- Developed by: Sony Pictures Television
- Presented by: Greg Behrendt
- Narrated by: Pete Sepenuk
- Country of origin: United States
- Original language: English

Production
- Running time: 60 minutes
- Production companies: Avalon Television Inc. Sony Pictures Television

Original release
- Network: Syndication
- Release: September 12, 2006 – February 28, 2007

= The Greg Behrendt Show =

The Greg Behrendt Show is a daytime talk show that premiered in syndication on September 12, 2006. The show was distributed by Sony Pictures Television and was taped at Sony Pictures Studios in Culver City.

In addition to airing in syndication, the show was carried nationwide over Superstation WGN, which aired the show at 2 PM ET until its final weeks when they moved the show to 2 AM ET. The network replaced the show with The Steve Wilkos Show in the slot following its final episode. The show was also streamed on the Sony website.

==Show format==
Stand-up comedian and writer Greg Behrendt presided over a show that more often than not discussed relationship problems with couples of all types. Other episodes included makeover shows (called "Greg-overs" on the show) and confrontations about other issues not related to a relationship.

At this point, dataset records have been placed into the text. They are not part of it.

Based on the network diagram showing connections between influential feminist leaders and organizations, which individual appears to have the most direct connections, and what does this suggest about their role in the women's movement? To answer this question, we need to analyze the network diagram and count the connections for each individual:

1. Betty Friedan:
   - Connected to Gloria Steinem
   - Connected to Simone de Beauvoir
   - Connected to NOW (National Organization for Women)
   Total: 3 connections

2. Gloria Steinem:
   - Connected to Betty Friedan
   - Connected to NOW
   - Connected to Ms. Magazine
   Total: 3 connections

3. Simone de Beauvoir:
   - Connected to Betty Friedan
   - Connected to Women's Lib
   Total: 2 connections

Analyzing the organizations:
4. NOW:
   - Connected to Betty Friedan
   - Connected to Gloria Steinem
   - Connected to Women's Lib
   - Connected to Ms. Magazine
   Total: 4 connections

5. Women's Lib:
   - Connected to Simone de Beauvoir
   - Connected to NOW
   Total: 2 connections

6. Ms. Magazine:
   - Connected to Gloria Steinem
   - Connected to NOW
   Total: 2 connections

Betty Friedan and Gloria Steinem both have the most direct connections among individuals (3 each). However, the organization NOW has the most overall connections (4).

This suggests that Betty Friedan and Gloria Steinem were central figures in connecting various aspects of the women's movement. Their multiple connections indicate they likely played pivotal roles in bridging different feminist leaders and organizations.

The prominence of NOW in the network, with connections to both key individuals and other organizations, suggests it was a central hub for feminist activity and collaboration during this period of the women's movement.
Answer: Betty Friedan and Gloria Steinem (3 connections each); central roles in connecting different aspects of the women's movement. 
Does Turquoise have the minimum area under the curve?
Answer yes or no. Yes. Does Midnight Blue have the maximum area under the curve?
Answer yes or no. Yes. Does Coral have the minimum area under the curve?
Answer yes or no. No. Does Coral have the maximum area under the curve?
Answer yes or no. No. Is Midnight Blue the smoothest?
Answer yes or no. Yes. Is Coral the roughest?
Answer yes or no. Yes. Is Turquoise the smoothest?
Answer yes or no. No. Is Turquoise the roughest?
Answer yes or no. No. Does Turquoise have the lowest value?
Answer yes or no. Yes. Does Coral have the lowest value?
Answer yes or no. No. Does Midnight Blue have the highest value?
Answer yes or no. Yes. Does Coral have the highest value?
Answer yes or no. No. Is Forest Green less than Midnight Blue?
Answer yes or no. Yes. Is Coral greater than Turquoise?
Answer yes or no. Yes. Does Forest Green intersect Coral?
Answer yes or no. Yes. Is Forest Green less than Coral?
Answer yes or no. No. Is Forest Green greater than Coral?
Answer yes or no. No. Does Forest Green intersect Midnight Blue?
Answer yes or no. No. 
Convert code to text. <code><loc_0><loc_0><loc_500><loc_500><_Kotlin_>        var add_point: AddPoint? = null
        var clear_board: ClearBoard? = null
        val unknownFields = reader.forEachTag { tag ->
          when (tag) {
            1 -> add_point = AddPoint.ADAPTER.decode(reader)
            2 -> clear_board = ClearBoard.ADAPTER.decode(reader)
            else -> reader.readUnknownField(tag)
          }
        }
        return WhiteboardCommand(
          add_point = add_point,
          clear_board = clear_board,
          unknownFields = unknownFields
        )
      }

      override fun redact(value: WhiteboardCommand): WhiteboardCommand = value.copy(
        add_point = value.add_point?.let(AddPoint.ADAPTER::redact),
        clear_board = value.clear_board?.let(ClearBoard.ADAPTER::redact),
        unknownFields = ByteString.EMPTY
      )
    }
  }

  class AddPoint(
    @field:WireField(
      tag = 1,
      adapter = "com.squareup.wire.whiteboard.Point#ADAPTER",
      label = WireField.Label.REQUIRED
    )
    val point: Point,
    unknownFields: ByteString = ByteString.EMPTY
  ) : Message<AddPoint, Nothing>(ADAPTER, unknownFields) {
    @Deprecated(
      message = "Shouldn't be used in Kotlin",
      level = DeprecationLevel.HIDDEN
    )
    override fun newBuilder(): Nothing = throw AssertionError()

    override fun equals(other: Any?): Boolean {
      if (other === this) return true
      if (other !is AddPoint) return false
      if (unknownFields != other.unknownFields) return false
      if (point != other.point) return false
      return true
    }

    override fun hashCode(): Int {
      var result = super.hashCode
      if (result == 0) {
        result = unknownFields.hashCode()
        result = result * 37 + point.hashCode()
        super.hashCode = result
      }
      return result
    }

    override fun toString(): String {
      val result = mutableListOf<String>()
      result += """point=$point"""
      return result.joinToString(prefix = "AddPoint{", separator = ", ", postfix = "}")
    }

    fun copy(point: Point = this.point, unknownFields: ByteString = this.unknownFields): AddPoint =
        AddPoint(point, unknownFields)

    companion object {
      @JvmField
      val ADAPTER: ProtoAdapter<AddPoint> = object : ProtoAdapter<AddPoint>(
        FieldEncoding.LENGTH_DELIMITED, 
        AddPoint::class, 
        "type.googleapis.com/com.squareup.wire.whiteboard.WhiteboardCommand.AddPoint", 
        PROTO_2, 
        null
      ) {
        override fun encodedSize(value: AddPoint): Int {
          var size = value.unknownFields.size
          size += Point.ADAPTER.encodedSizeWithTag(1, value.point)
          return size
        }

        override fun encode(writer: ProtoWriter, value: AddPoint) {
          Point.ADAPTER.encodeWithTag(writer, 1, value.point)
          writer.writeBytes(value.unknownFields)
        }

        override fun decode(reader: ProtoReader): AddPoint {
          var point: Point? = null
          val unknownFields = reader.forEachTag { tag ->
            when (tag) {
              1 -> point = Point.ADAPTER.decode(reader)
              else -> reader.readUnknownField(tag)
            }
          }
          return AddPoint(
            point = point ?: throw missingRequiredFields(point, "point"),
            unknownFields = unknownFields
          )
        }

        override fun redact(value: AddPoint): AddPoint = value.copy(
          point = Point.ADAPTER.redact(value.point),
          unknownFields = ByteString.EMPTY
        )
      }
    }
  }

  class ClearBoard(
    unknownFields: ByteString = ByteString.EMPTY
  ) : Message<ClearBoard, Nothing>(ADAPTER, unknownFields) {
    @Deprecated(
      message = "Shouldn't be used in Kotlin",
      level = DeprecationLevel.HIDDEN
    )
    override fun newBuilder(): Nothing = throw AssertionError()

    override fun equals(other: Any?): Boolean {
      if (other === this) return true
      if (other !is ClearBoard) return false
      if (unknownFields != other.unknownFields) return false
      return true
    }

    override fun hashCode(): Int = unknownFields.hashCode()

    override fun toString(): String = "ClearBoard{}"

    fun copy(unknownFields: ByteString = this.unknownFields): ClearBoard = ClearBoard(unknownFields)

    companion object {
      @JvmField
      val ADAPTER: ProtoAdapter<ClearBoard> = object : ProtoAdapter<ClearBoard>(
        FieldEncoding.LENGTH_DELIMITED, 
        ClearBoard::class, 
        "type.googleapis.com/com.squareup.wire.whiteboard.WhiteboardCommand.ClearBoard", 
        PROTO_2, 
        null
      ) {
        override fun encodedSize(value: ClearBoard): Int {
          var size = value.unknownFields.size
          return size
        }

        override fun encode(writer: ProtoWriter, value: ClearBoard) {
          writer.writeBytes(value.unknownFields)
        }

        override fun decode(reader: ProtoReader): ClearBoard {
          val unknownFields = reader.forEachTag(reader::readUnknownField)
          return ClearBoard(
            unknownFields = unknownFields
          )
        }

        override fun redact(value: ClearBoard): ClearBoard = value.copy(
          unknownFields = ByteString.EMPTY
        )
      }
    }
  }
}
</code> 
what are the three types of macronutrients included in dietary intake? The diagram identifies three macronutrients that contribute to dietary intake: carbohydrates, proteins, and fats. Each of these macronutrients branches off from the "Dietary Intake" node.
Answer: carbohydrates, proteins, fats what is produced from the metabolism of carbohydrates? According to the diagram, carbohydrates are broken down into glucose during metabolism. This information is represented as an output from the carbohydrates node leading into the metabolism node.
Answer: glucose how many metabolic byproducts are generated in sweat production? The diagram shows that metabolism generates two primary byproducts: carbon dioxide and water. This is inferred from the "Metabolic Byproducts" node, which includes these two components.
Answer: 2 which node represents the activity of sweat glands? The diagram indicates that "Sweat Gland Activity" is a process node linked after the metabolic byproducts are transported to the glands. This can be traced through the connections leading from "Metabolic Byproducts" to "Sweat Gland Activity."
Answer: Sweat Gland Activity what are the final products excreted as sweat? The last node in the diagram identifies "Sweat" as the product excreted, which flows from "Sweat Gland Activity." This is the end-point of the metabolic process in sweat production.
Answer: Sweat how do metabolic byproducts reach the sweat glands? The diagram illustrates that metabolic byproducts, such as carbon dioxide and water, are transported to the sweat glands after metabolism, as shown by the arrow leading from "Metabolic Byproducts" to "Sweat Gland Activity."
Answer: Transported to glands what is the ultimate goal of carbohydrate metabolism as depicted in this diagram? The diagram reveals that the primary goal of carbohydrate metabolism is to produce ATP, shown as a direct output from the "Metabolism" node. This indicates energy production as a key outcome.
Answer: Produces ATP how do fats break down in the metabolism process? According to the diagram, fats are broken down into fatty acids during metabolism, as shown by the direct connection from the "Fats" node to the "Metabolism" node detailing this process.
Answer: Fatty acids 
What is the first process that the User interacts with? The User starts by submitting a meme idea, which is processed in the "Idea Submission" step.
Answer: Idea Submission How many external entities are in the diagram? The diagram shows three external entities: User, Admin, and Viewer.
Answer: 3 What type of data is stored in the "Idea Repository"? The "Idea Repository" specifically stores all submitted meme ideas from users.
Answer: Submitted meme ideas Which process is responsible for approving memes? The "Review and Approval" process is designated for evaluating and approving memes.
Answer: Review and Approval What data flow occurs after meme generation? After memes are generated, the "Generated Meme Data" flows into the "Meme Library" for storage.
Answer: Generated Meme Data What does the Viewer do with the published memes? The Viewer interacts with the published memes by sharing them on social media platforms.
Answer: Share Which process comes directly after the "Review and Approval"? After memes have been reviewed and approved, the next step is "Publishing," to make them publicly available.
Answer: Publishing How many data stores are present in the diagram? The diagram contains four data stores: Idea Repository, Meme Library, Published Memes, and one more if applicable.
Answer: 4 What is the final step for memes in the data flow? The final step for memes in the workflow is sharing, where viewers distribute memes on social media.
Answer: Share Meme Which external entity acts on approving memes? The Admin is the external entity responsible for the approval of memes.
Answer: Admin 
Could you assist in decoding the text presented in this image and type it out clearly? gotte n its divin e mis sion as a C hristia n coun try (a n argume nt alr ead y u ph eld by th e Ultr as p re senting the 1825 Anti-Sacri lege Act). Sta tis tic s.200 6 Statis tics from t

In each and every episode, the following segments aired:

- The Uncomfortable Phone Call: Greg and a guest would speak with someone on the phone (who could be heard in the studio) and discuss a problem that the guest and that person had.
- Greg Behrendt Undercover: Towards the end of every episode, a hidden camera segment featuring Behrendt would focus on something in a humorous manner (e.g., how a supermarket is really a haven for any kind of sexual fetish you might have).

==Ratings history==
Behrendt's show was one of four syndicated talk shows to debut in the fall of 2006 (Rachael Ray, Dr. Keith Ablow, and The Megan Mullally Show were the other three), and much like every series except for Rachael Ray suffered in the ratings. During the first sweeps period of the new season, The Greg Behrendt Show was actually the lowest rated of the four new syndicated offerings with an 0.7 rating. As 2007 came, the ratings improved slightly, with Behrendt actually pulling an 0.9 to pass Megan Mullally for third (although after the latter program's cancellation), but the ratings were still not good enough for Sony to keep the show going and they announced its cancellation on January 25, 2007, making it the second of the new fall talk shows to get the ax (The Megan Mullally Show, canceled on January 4, was the first, with Dr. Keith Ablow rounding out the list in February). The Greg Behrendt Show continued to air new episodes until the end of February, at which point the show went into reruns which continued until September 7, 2007.